La nationalisation de l'électricité au Québec désigne les deux séries d'événements qui ont mené à la création de la société d'État Hydro-Québec en 1944 et à la prise de contrôle des compagnies d'électricité privées du Québec en deux étapes.
En 1944, la première nationalisation a permis à l'État québécois de prendre le contrôle de la Montreal Light, Heat and Power, qui exerçait un monopole impopulaire et décrié sur la vente d'électricité et de gaz dans la région de Montréal. La seconde, lancée en 1962 par le gouvernement Jean Lesage, s'inscrit plutôt dans la foulée des réformes de la Révolution tranquille, dont elle constitue l'un des faits marquants.
Les deux nationalisations de l'électricité ont permis à Hydro-Québec de devenir un des principaux producteurs d'électricité en Amérique du Nord, de lancer d'ambitieux projets de développement hydroélectrique dans le Nord du Québec en plus de garantir aux consommateurs québécois des tarifs d'électricité bas et uniformes sur l'ensemble du territoire.
Dans les années qui ont suivi la Grande Dépression des années 1930, des voix s'élèvent au Québec en faveur d'une intervention du gouvernement dans le secteur de l'électricité. Pendant plus de dix ans, les reproches se multiplient à l'égard du « trust de l'électricité » : on considère leurs tarifs abusifs et leurs profits excessifs.
Les journaux de l'époque sont remplis des dessous du scandale de la Beauharnois, une affaire reliée à la construction d'une centrale hydroélectrique sur le fleuve Saint-Laurent, en amont du Lac Saint-Louis. Puisque le Saint-Laurent est une voie navigable, le gouvernement fédéral doit approuver le projet de construction. Au cœur de la tourmente, l'administration libérale de William Lyon Mackenzie King, qu'on accuse de collusion avec les promoteurs du projet. Les libéraux perdent le pouvoir et sont remplacés par les conservateurs de R. B. Bennett. Tenté d'en découdre avec la Beauharnois, il ordonne la tenue d'une commission parlementaire pour faire éclater la vérité. Une fois les travaux de la commission terminés, il accepte finalement de garantir le financement nécessaire pour compléter la première phase du projet de la centrale de Beauharnois.

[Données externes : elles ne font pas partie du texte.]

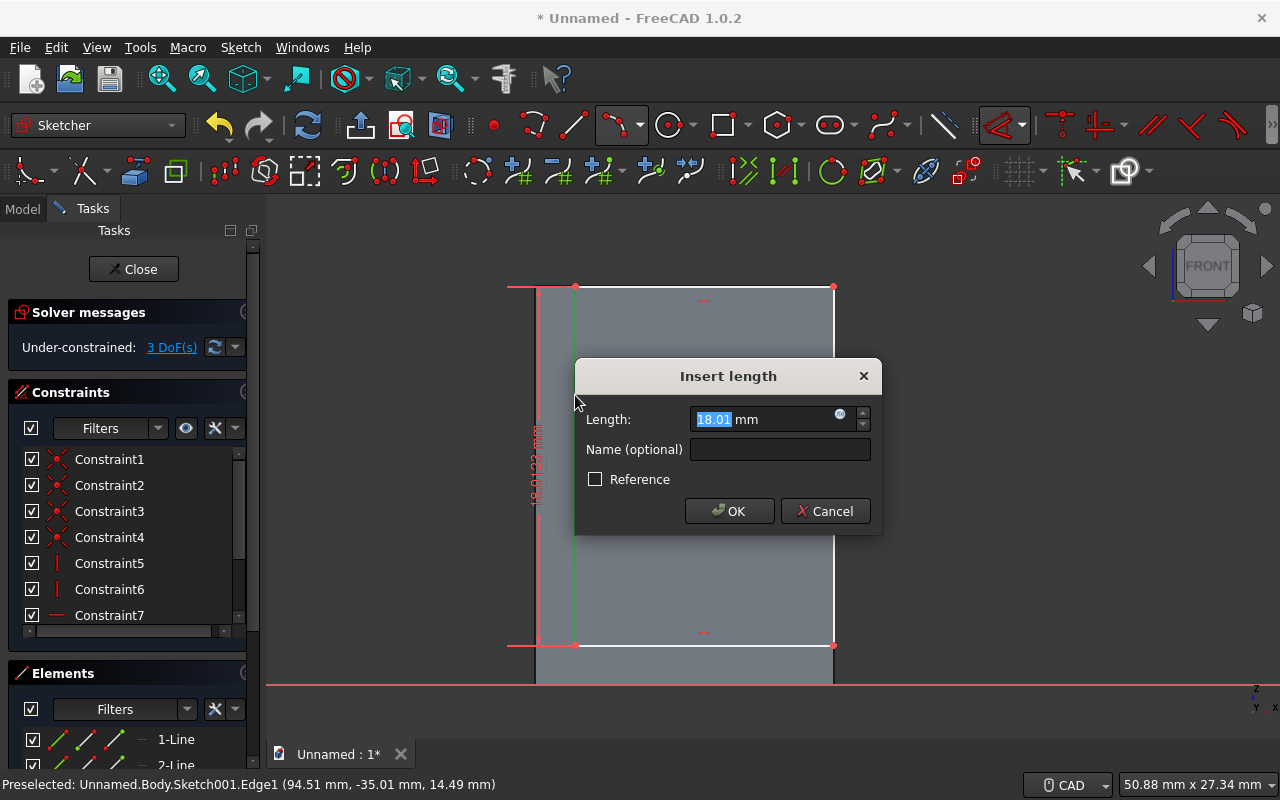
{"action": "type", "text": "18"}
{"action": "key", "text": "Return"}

Inspirés par la nationalisation de la production et la municipalisation de la distribution menée en Ontario par Sir Adam Beck au début du XXe siècle, des personnalités, comme Philippe Hamel, René Chaloult et T.-D. Bouchard, proposent d'imiter la province voisine. Le dentiste Hamel en particulier, mène une vigoureuse campagne contre la compagnie d'électricité qui dessert mal Québec, la Quebec Power. La multiplication des critiques envers les monopoles amène le gouvernement de Louis-Alexandre Taschereau à ordonner une commission d'enquête de trois membres, dirigée par Ernest Lapointe, le 5 novembre 1934.
Dans son rapport, remis l'année suivante, la Commission Lapointe ne recommande pas de mettre un terme aux monopoles privés, mais propose plutôt d'augmenter l'encadrement de ce secteur de l'économie. En réponse aux travaux des commissaires, le gouvernement forme un organisme de réglementation, la Commission d'électricité de Québec. Dirigée par l'un des membres de la commission Lapointe, Augustin Frigon, la Commission a le pouvoir de faire enquête, peut faire modifier les hausses de tarifs en plus du pouvoir d'approuver les fusions d'entreprises du secteur. Le gouvernement resserre ses exigences pour consentir de nouvelles concessions hydrauliques et autorise la formation de coopératives électriques dans certaines régions, afin d'accélérer l'électrification rurale.
En un peu plus d'un an d'existence, la Commission rend une centaine de décisions, forçant les certaines compagnies d'électricité à réduire leurs tarifs ou les obligeant à brancher certains groupes d'habitations isolées.
L'élection d'un gouvernement de l'Union nationale, dirigé par Maurice Duplessis, lors de l'élection de 1936 ne remet pas en cause les objectifs et les recommandations de la commission Lapointe. Une loi fusionne la Commission d'électricité du Québec à un autre organisme de réglementation, la Commission des services publics, dans un nouvel organisme nommé la Régie provinciale de l'électricité, mais le nouvel organisme continue dans la même voie.
À compter de 1938, la nouvelle régie enquête sur les tarifs d'électricité afin de les abaisser et dresse l'inventaire des titres et possessions des compagnies actives dans le secteur. Bien que la plupart des compagnies font preuve de diligence, la MLH&P fait exception. L'inventaire des actifs préparé par deux ingénieurs prendra quatre années de travail à préparer et ne sera remis à la Régie qu'en 1942.